2. As I read this article, I realized that I've been more plagued by people I thought (rightly or wrongly) expected perfection from me than by perfectionist tendencies within myself. 

I'll leave it at that, except to say that feeling these expectations from others (whether they had them or not) has never done me a lick of good. 

3. I also thought today about how, when I was working, I grew increasingly resistant to the idea of rigor. I guess I began to think that possibly rigor, making high demands on students, might be an enemy of the good. Couldn't students learn and perform well, I used to wonder, without the pressure of rigorous demands on them? 

I suppose some of this questioning had to do with the ways that enforcing rigor, given my personality, didn't come to me readily.  

About thirty years ago, I first read the poem "Her Right Eye Catches the Lavender" and as Gerald Sterns' poem develops, the speaker of the poem self-reflects and asks: 

Why did is take so long
for me to get lenient?

From that point forward, that question repeated itself constantly inside me. 

Oh, for sure, I backslid into not being lenient from time to time, but much more than rigor, being lenient came to govern how I approached my work and my relationships with my students. 

I hoped back then that I could convince my students to be lenient with themselves as writers. I used to encourage them to sin boldly. Let it rip. I always thought I could help students more who were not cautious as they wrote than if they wrote cautiously. 

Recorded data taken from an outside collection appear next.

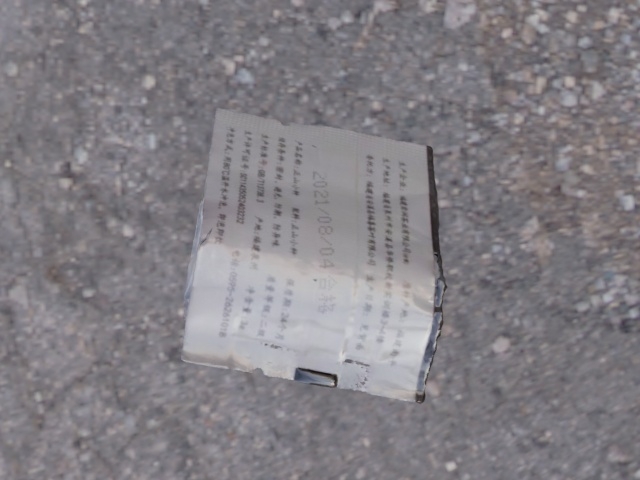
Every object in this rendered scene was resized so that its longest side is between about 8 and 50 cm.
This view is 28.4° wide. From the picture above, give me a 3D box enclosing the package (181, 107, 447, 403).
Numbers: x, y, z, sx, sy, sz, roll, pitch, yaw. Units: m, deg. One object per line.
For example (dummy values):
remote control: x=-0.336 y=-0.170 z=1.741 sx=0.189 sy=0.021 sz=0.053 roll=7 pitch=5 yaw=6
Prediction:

They didn't need me to expect perfection. 

 



Saturday, August 9, 2025

Three Beautiful Things 08-08-2025: Restoring Blood Pressure, Yakkin' at The Lounge, All's Well Back Home

1. A couple of low blood pressure readings today led me to increase my water intake and eat a salted bowl of popcorn and it worked: my blood pressure returned to a much more acceptable level. 

2. With my blood pressure restored, the low level of lightheadedness I experienced earlier in the day lifted, and I not only felt much better, I rocketed up to The Lounge and met Ed for a couple of Bud Zeros and had a great time yakkin' with Ed, Cas, and then Pete Miller. 

It was a relaxing hour or so. 

Just right. 

3. Back home, I checked my blood pressure again. 

It was in good shape. 

I fixed myself a delicious shrimp and vegetable stir fry.

I also laundered some bedding, 

I then thoroughly enjoyed the comfort of crisp clean sheets!